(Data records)
════════

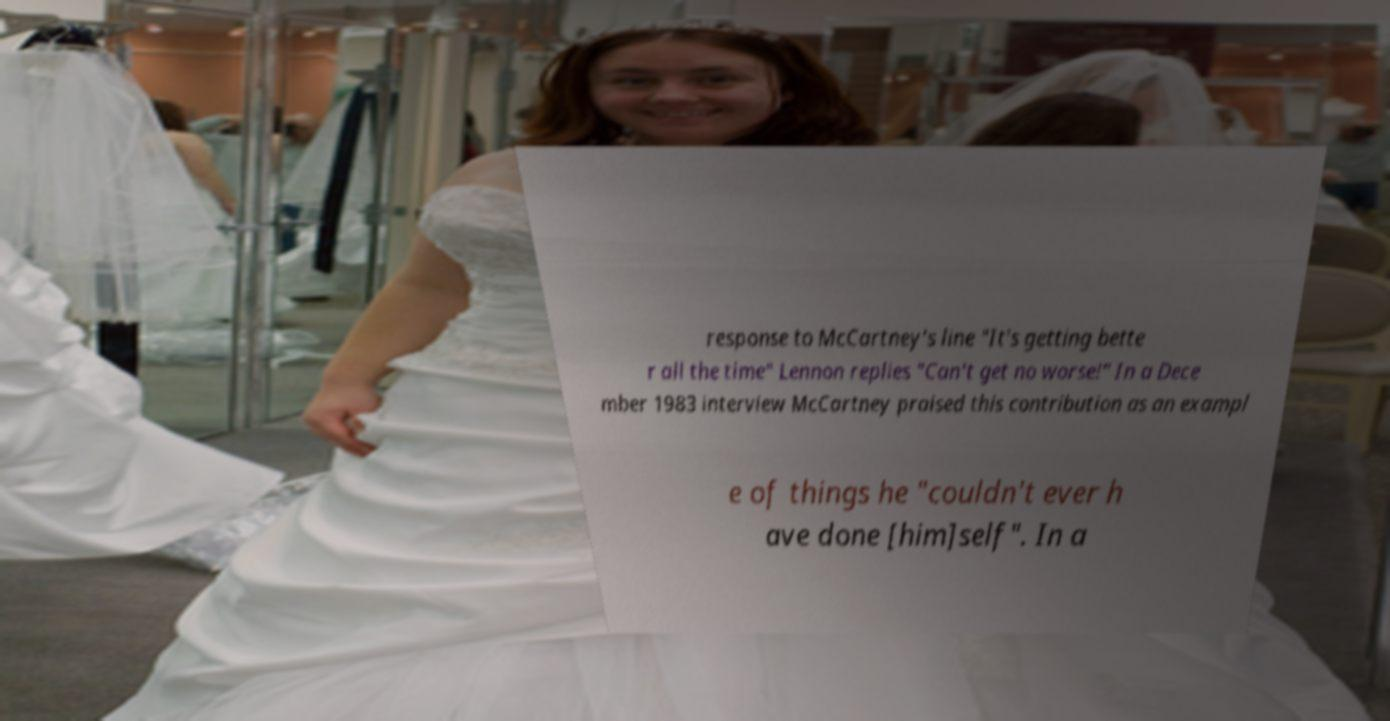Can you accurately transcribe the text from the provided image for me? response to McCartney's line "It's getting bette r all the time" Lennon replies "Can't get no worse!" In a Dece mber 1983 interview McCartney praised this contribution as an exampl e of things he "couldn't ever h ave done [him]self". In a 
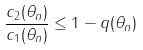<formula> <loc_0><loc_0><loc_500><loc_500>\frac { c _ { 2 } ( \theta _ { n } ) } { c _ { 1 } ( \theta _ { n } ) } \leq 1 - q ( \theta _ { n } )</formula> 
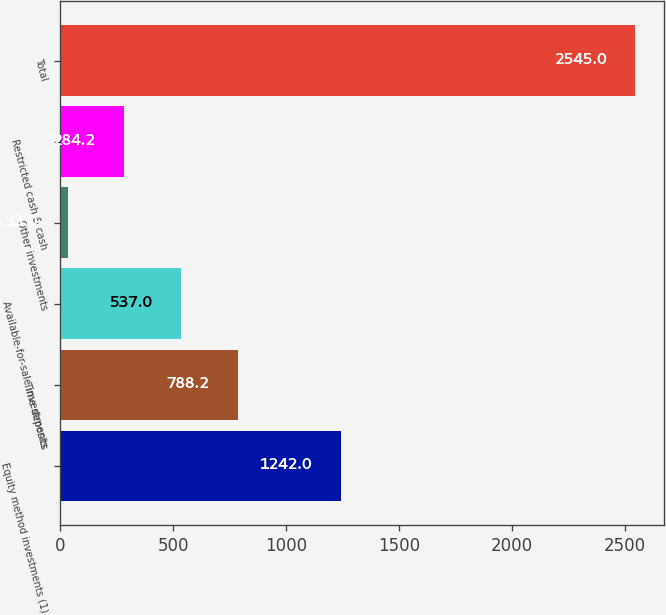<chart> <loc_0><loc_0><loc_500><loc_500><bar_chart><fcel>Equity method investments (1)<fcel>Time deposits<fcel>Available-for-sale investments<fcel>Other investments<fcel>Restricted cash & cash<fcel>Total<nl><fcel>1242<fcel>788.2<fcel>537<fcel>33<fcel>284.2<fcel>2545<nl></chart> 
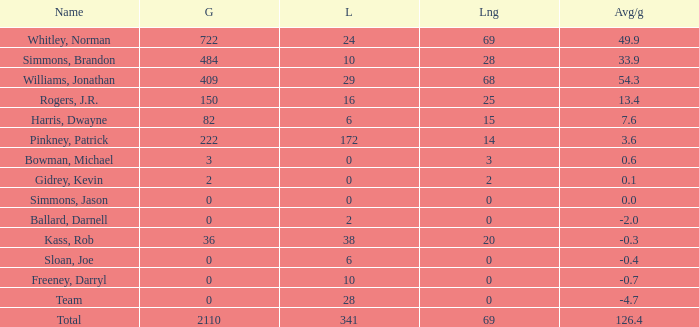What is the highest Loss, when Long is greater than 0, when Gain is greater than 484, and when Avg/g is greater than 126.4? None. 
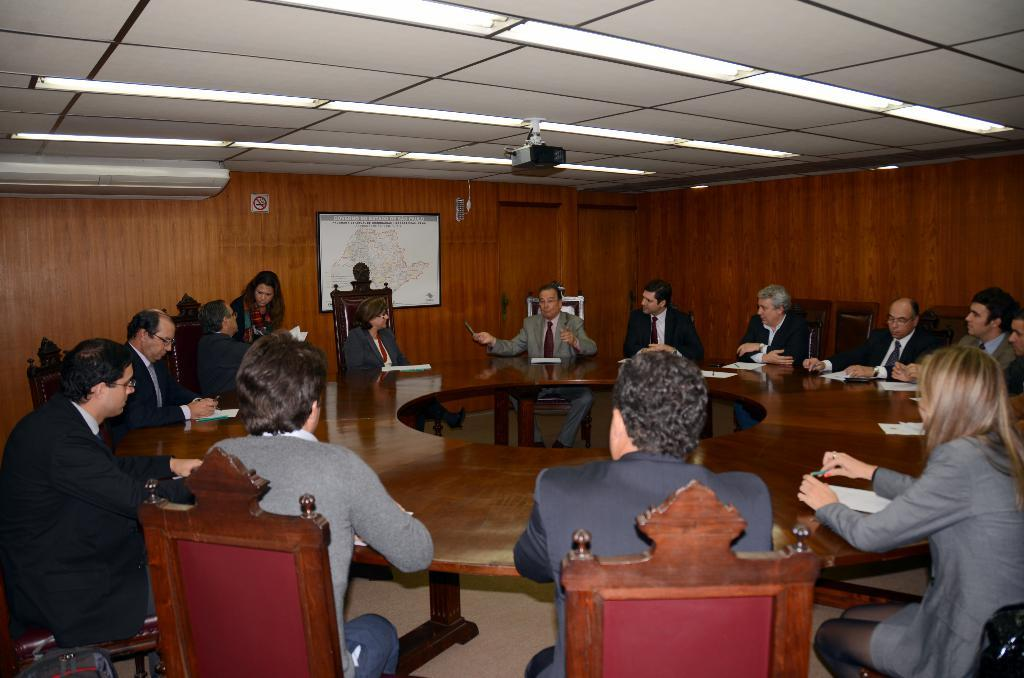What are the people in the image doing? The people in the image are sitting on chairs. What is the shape of the table in the image? The table in the image is round. What can be seen on the wall in the background of the image? There is a map on a wall in the background of the image. Can you tell me how many rifles are visible on the table in the image? There are no rifles present in the image; the table is round and has no visible objects on it. What color is the eye of the person sitting on the chair in the image? There is no mention of a person's eye in the image, as the focus is on the people sitting on chairs and the round table. 
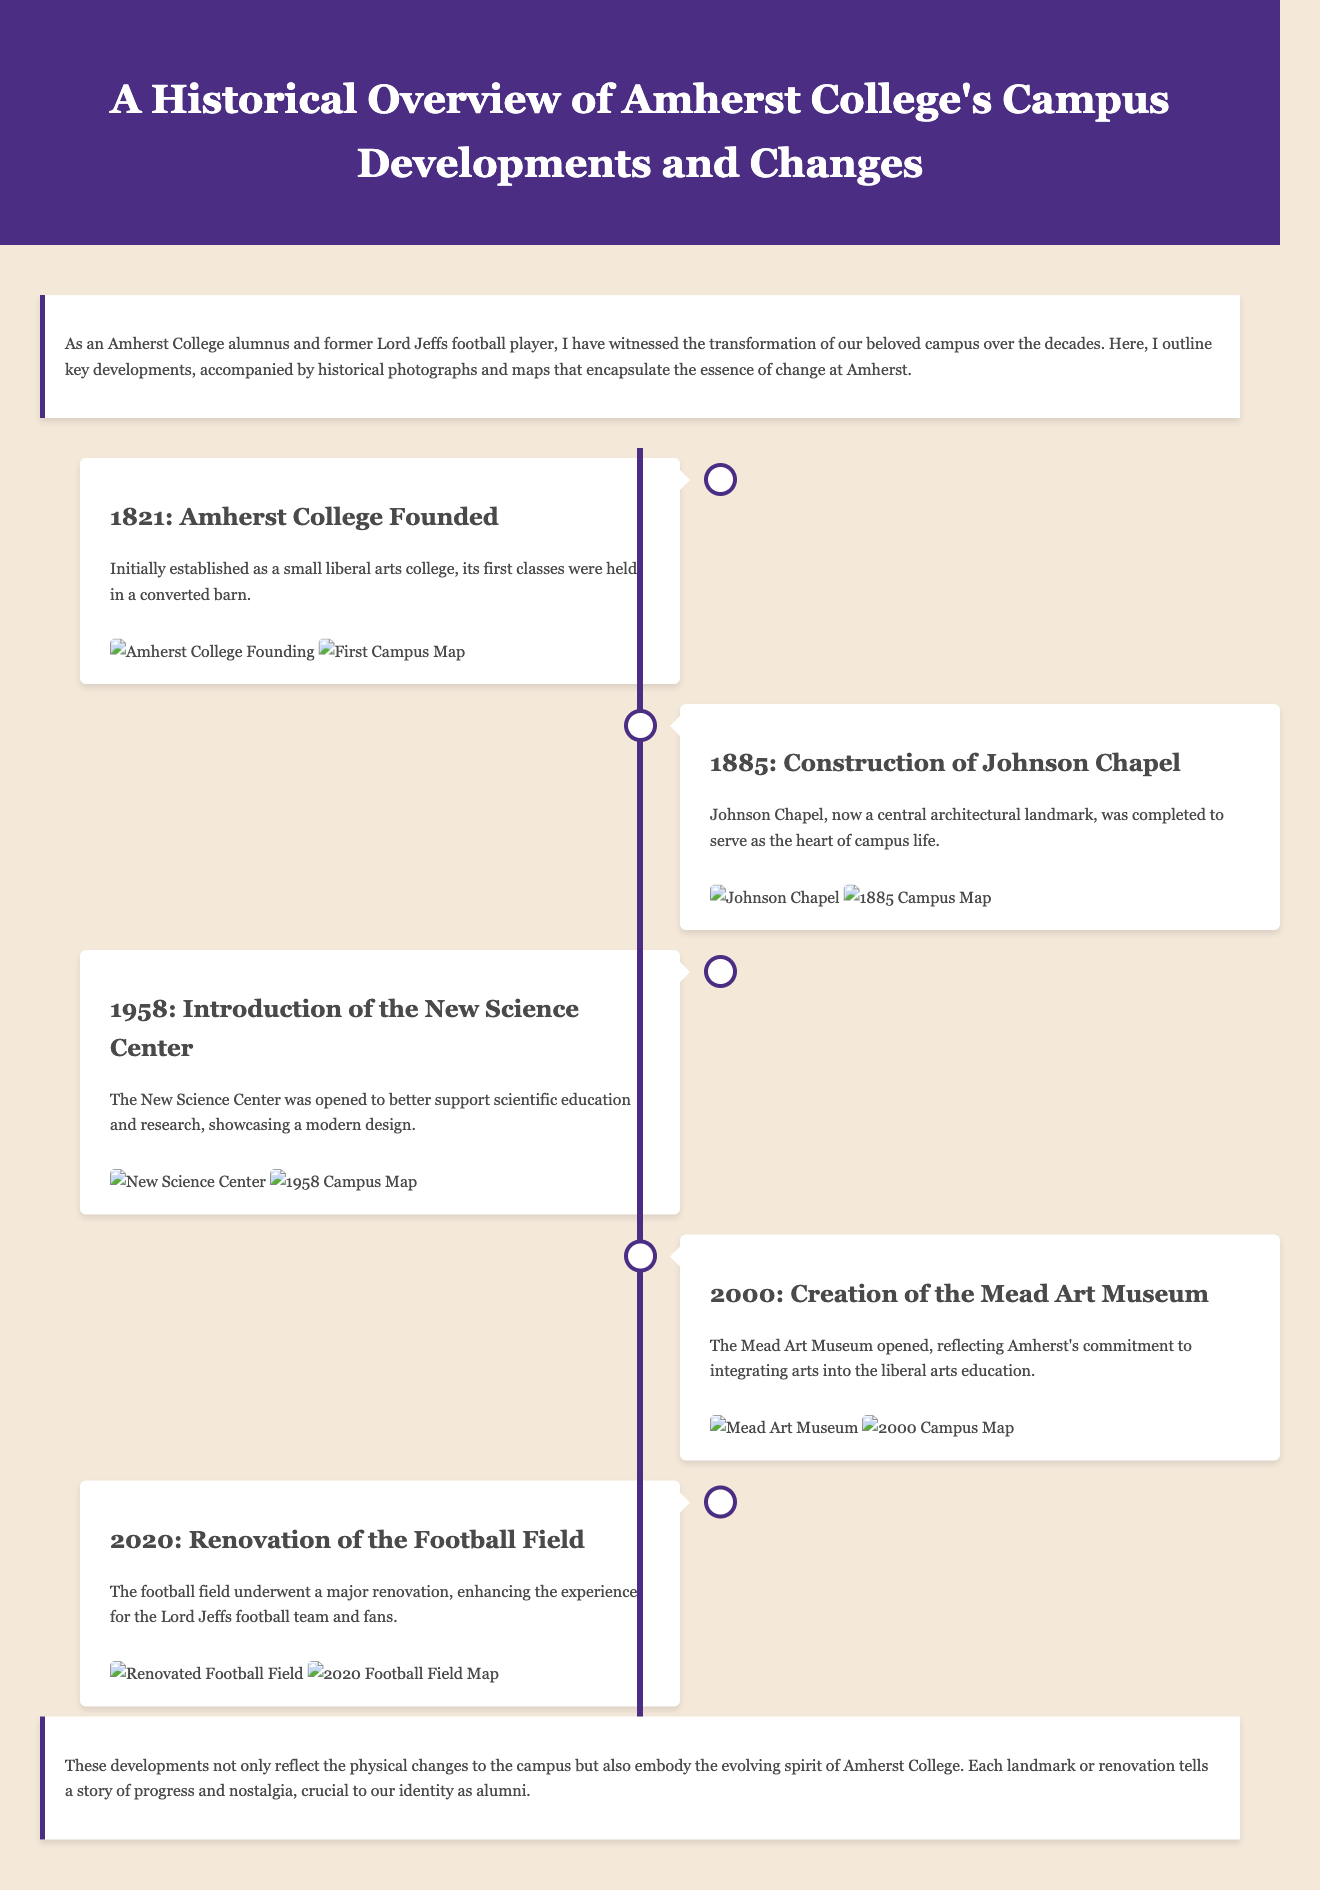What year was Amherst College founded? The document states that Amherst College was founded in 1821, which is noted as the first event in the timeline.
Answer: 1821 What significant building was completed in 1885? According to the timeline, Johnson Chapel was completed in 1885 and is a landmark of campus life.
Answer: Johnson Chapel When did the New Science Center open? The timeline mentions that the New Science Center was introduced in 1958.
Answer: 1958 What year did the Mead Art Museum open? The document specifies that the Mead Art Museum was created in 2000, which is clearly marked in the timeline.
Answer: 2000 What event occurred in 2020? The timeline indicates that the football field underwent renovation in 2020, which is the last event mentioned.
Answer: Renovation of the Football Field Which building serves as the heart of campus life? The document refers to Johnson Chapel as the heart of campus life, indicating its central importance.
Answer: Johnson Chapel How many events are listed in the timeline? By counting the events presented in the timeline, there are five key events detailed in the document.
Answer: Five What do the developments represent according to the conclusion? The conclusion states that the developments embody the evolving spirit of Amherst College.
Answer: Evolving spirit of Amherst College What type of document is this? The structure and content indicate that this is a historical overview report of campus developments at Amherst College.
Answer: Historical overview report 
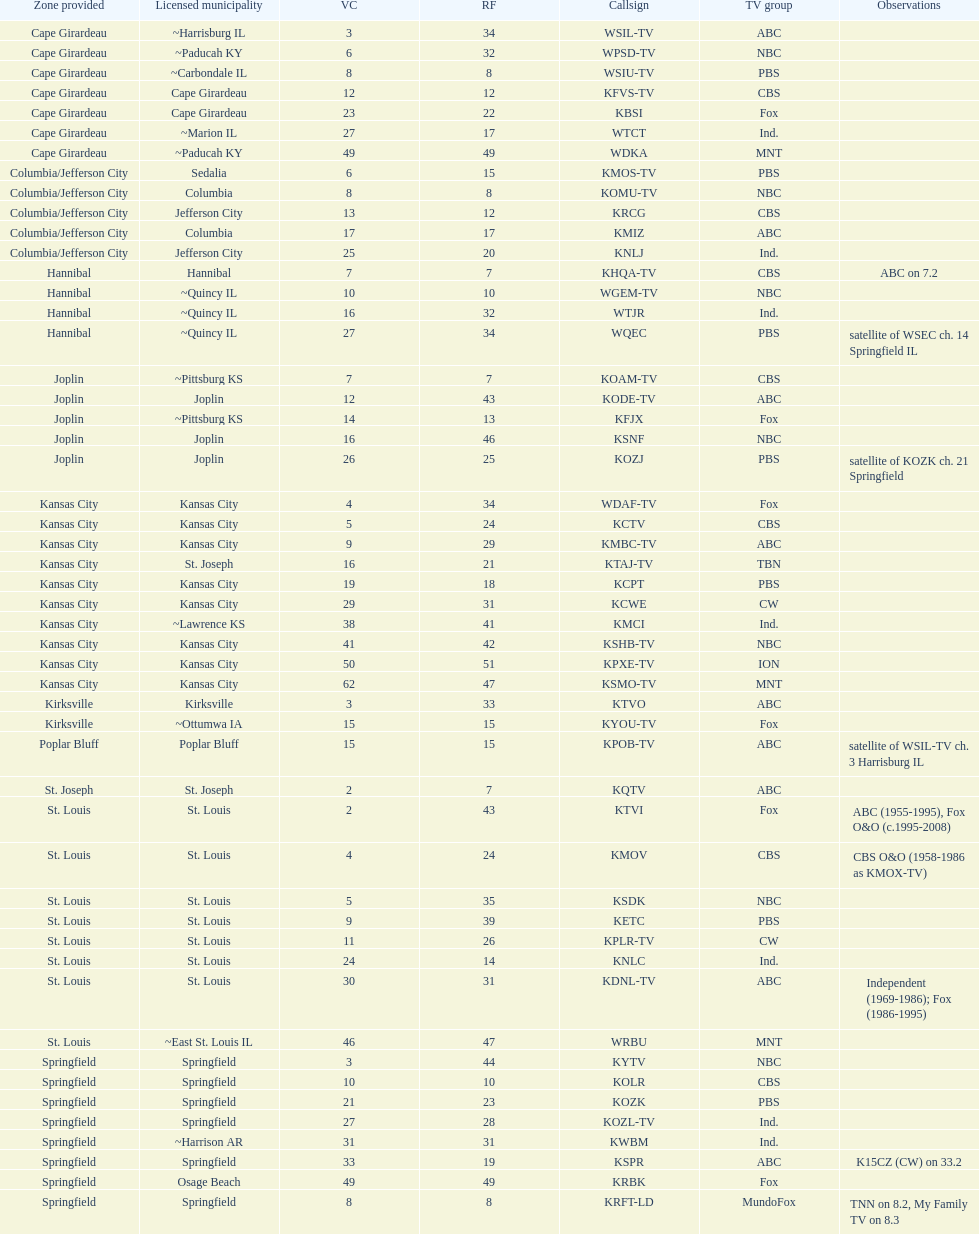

════════

Where a line of the records has the string "campus", return that line.

Answer: 1821 What significant building was completed in 1885? According to the timeline, Johnson Chapel was completed in 1885 and is a landmark of campus life.
Answer: Renovation of the Football Field Which building serves as the heart of campus life? The document refers to Johnson Chapel as the heart of campus life, indicating its central importance.
Answer: Evolving spirit of Amherst College What type of document is this? The structure and content indicate that this is a historical overview report of campus developments at Amherst College.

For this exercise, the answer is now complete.